Merdivenden gelen pati sesleri ile babamdan ayrıldım. Sirius koşarak üzerime doğru geliyordu. Wanda güçleri ile onun canını acıtmayacak şekilde durdurduğunda gülümsedim. Benim üzerime atlaması sakıncalı olabilirdi. Eğilip onu sevmeye başladım. Neşe ile kuyruğunu sakladığında gülümsedim.
"Sirius, yemini vermem gerek nerdesin?" Bucky'nin sesini duyunca durdum. Onun burada olacağını tahmin etmemiştim. Merdivenden üzerinde bol bir tshirt ve eşofman ile iniyordu. Saçları dağılmış, sakalları uzamıştı. Gözleri benim bulduğum noktaya baktığında yutkundu, elinde ki mama kabını yere düşürdüğünde Sirius hızla onun yanına gitti. Yavaş adımlar ile bana geldiğinde bende ona doğru yürüdüm. Bedenimi saran kollar ile derin bir nefes verdim. Bu kokuyu özlemiştim. Beni kendinden ayırıp yüzümü ellerinin içine aldı.

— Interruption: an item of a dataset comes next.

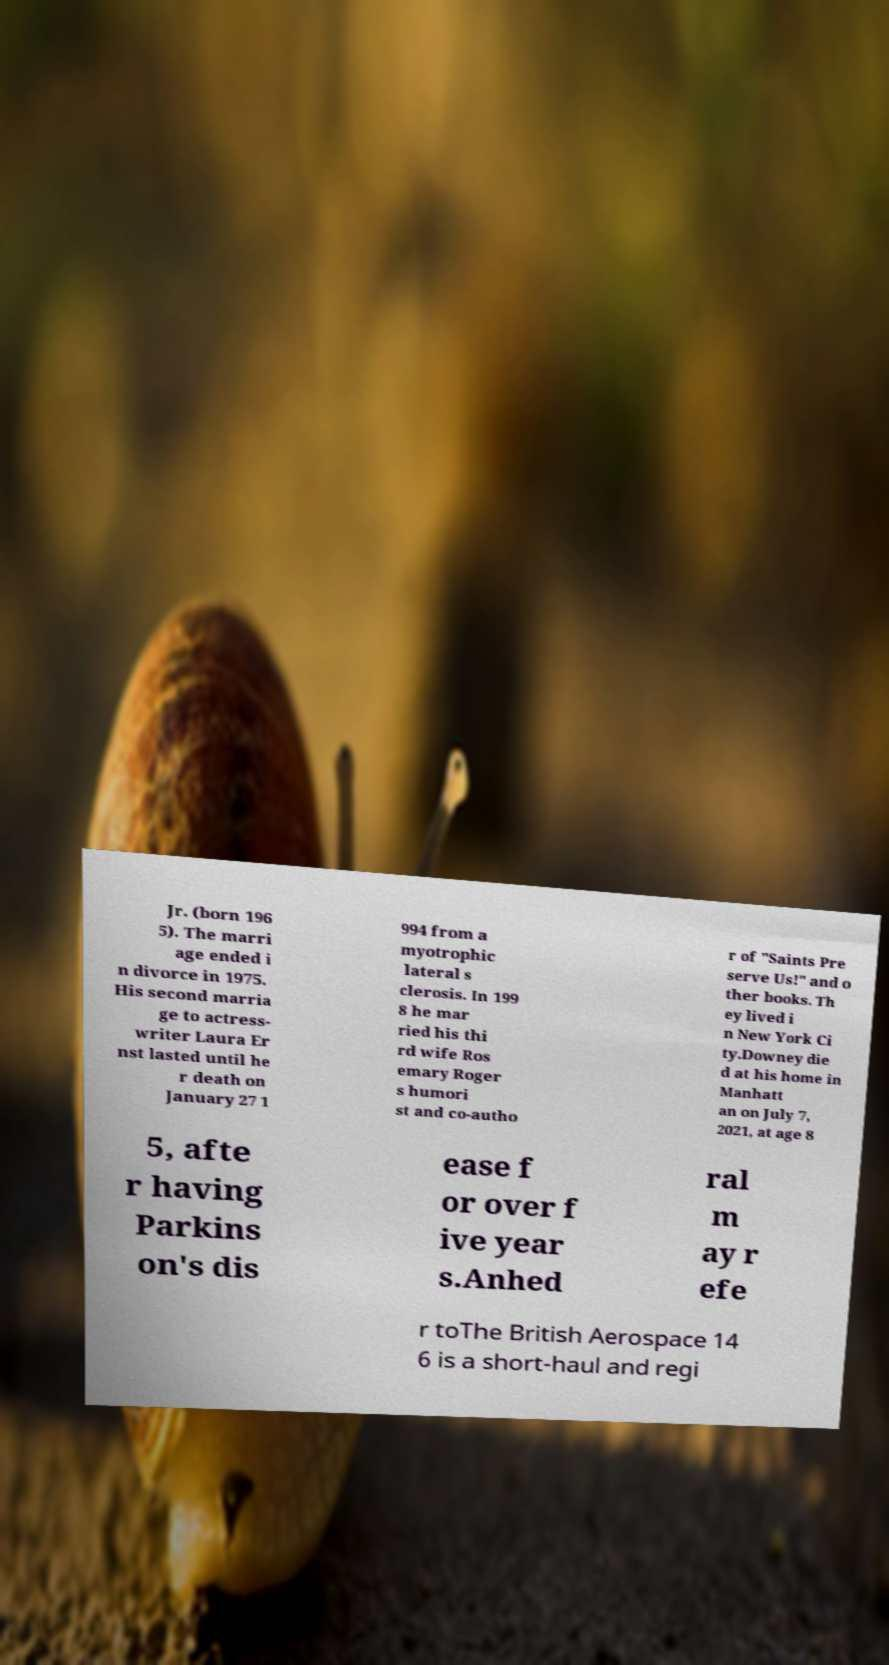Could you extract and type out the text from this image? Jr. (born 196 5). The marri age ended i n divorce in 1975. His second marria ge to actress- writer Laura Er nst lasted until he r death on January 27 1 994 from a myotrophic lateral s clerosis. In 199 8 he mar ried his thi rd wife Ros emary Roger s humori st and co-autho r of "Saints Pre serve Us!" and o ther books. Th ey lived i n New York Ci ty.Downey die d at his home in Manhatt an on July 7, 2021, at age 8 5, afte r having Parkins on's dis ease f or over f ive year s.Anhed ral m ay r efe r toThe British Aerospace 14 6 is a short-haul and regi

"Kar tanem, iyisin dimi? Sana bir şey olmadı?" sorularına gülerek cevap verdim. Gözleri gözlerimden ayrıldığında şaşkınca salonda geziniyordu. O soru sormadan onu cevapladım.
"Paralel Evren, birazcık Evren değişikliği yapmış olabilirim." bakışları bana döndüğünde gülümsedi.
"Galiba biz artık gitsek iyi olacak." Paralel evrende ki Tony ayağa kalktığında diğerleri de kalktı. Strange elime bir teklonojik alet verdiğinde soru soran gözler ile ona baktım.
"Bu alet bizimle iletişime geçmenizi sağlıyor. Teşekkürler Diana. Bize kattıkların için teşekkürler." herkes portaldan geçince ışık süzmesi yavaş yavaş kayboldu.
*
"Çok acıkmış olmalısın Diana. Sana ne hazırlamamı istersin?" Steve babamın sorusu ile ona döndüm.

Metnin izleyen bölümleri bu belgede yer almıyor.